By his acts and assent, he recognized the company as a de facto corporation. He must therefore be held to have waived his legal rights in the premises, and to be estopped from denying its rightful existence. In Sanger v. Upton, 91 U. S. 56, the court said: “Where there are defects in the organization of a corporation which might be fatal on a writ of quo warranto, a stockholder who has participated in its acts as a corporation de facto is estopped to deny its rightful existence.” Cook on Stock and Stockholders, sec. 52; Inter Mountain Pub. Co. v. Jack, 6 Pac. Rep. 20; Athol Music Hall Co. v. Carey, 116 Mass. 471; Ogilvie v. Knox Ins. Co., 22 How. 380.

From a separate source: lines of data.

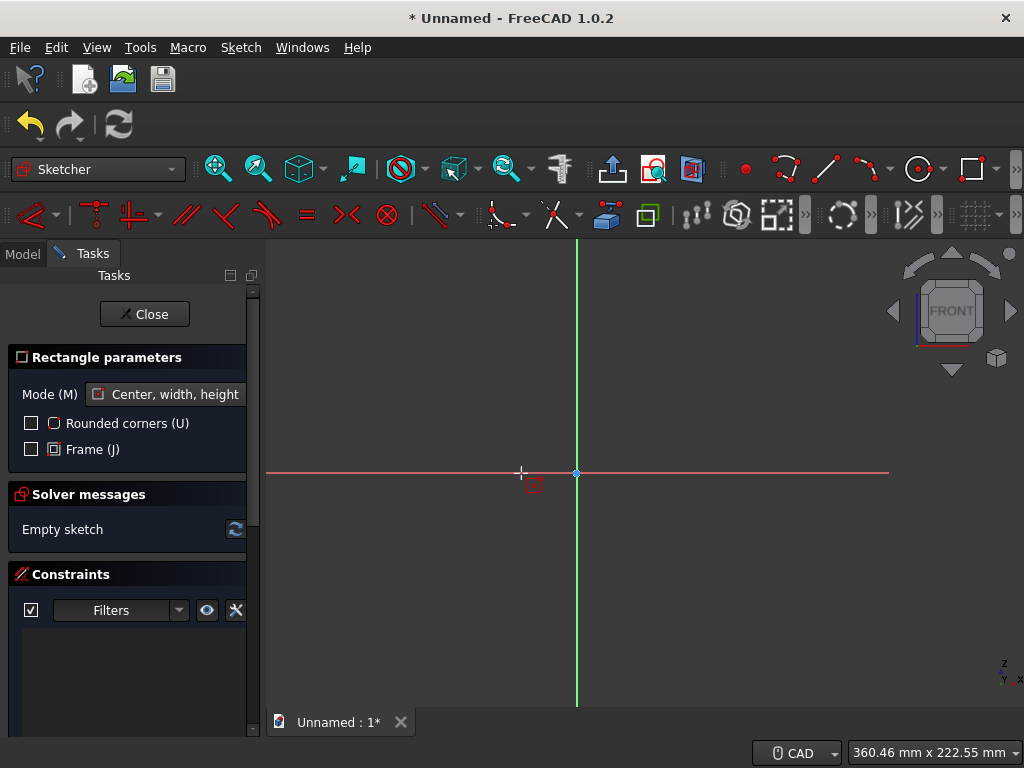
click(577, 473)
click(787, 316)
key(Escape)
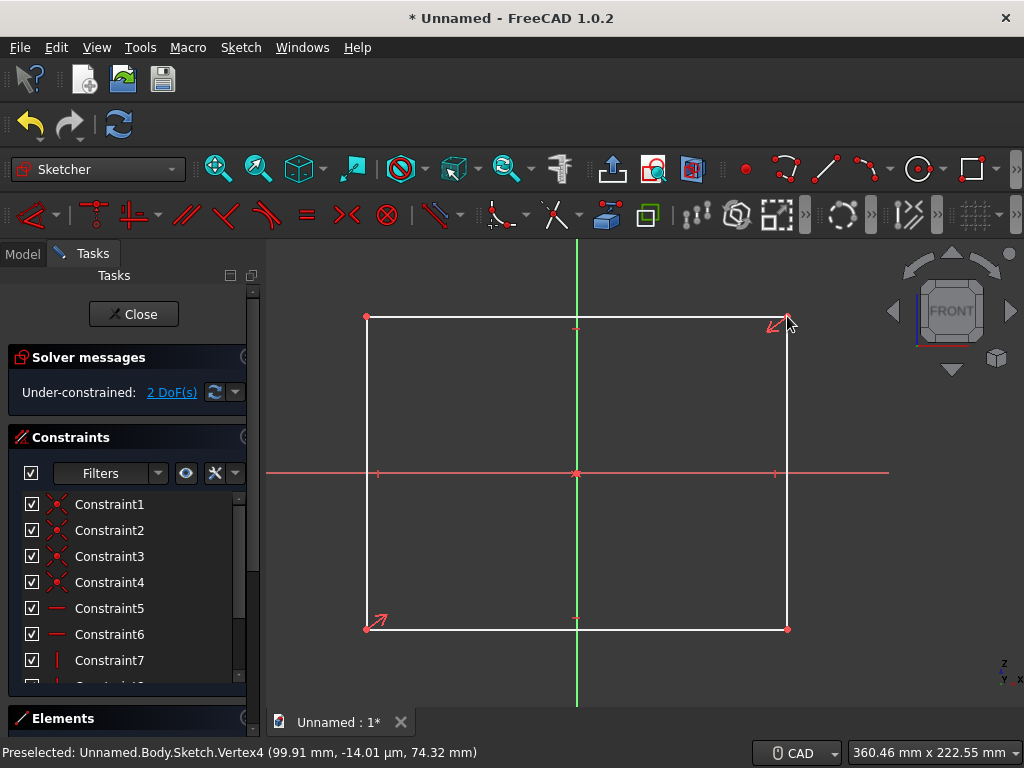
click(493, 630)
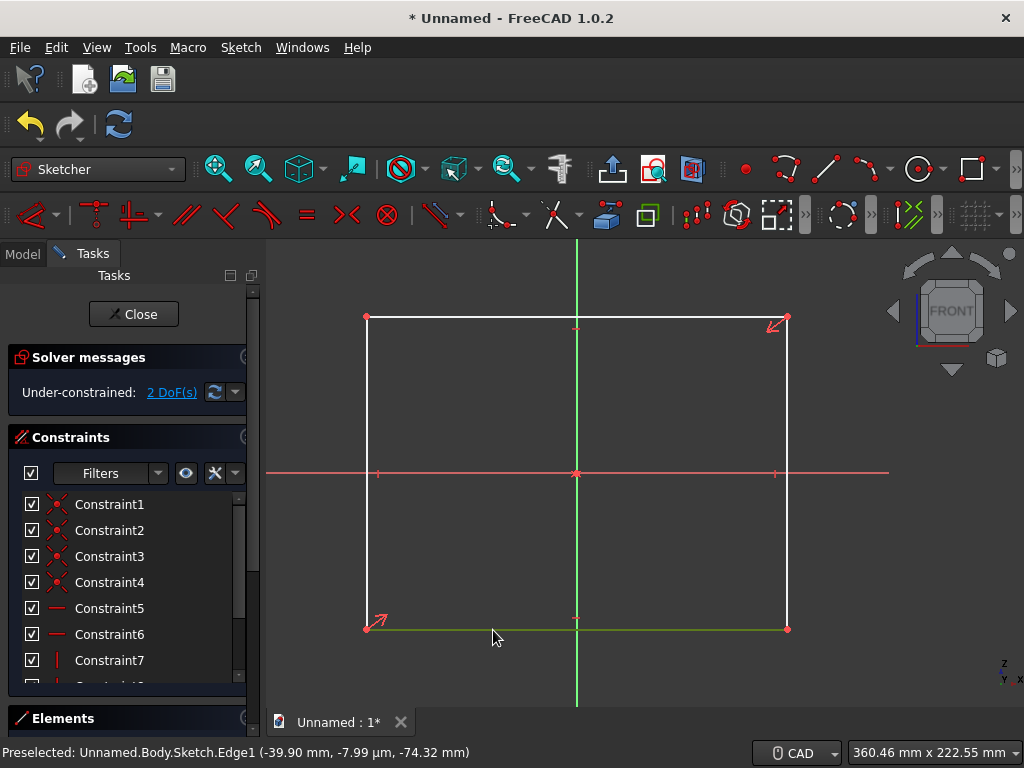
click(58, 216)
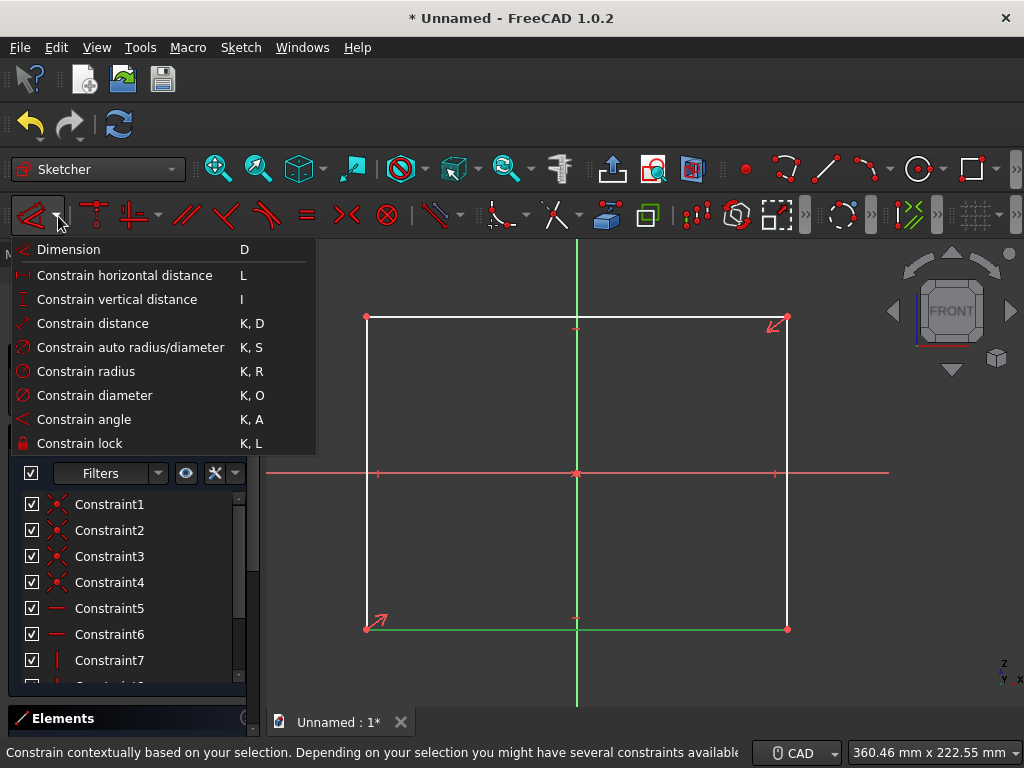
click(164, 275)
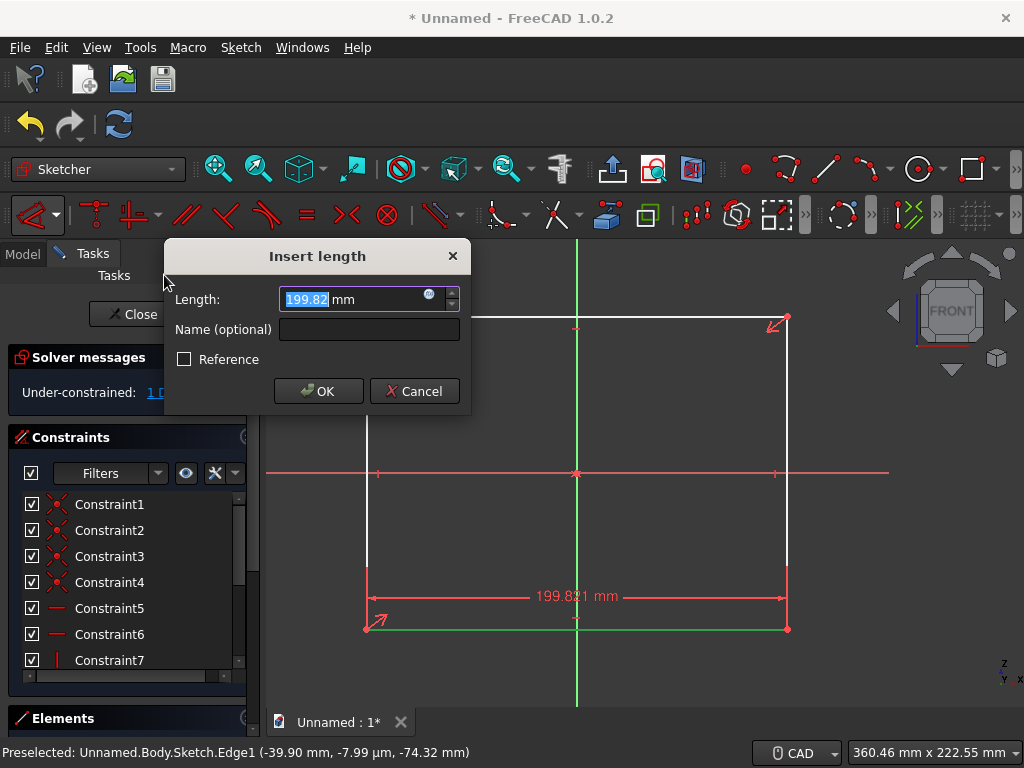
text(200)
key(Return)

We are of the opinion that the defendant is a stockholder of the plaintiff corporation, and is therefore liable for his unpaid subscription to the capital stock. Where the capital stock of a corporation remains in part unpaid, at the time of its organization, such unpaid stock becomes a trust fund for the payment of its liabilities, and may be called in by the directors, who in law are the trustees of the fund, at such times and in such amounts as may be provided by the by-laws or agreement of the corporation. This fund is to be managed, by the trustees, for the benefit of the stockholders while the corporation remains solvent, and for the benefit of the creditors if it becomes insolvent. When a person becomes a stockholder his liability is complete, and he cannot relieve himself, except by payment. There is, in law, an implied promise, on his part, that he will pay the calls made for unpaid subscriptions, so long *510as he shall own the stock. Cook on Stock and. Stockholders and Corp. Law, sec. 199; Upton v. Tribilcock, 91 U. S. 45; Germantown Pass. Ry. Co. v. Fitler, 124; Wood v. Dunner, 3 Mason, 308; Webster v. Upjohn, 91 U. S. 65; Sawyer v. Hoag, 17 Wall. 610. There appears to be no reversible error in the record. The judgment is affirmed.

Sicith, J., concurred.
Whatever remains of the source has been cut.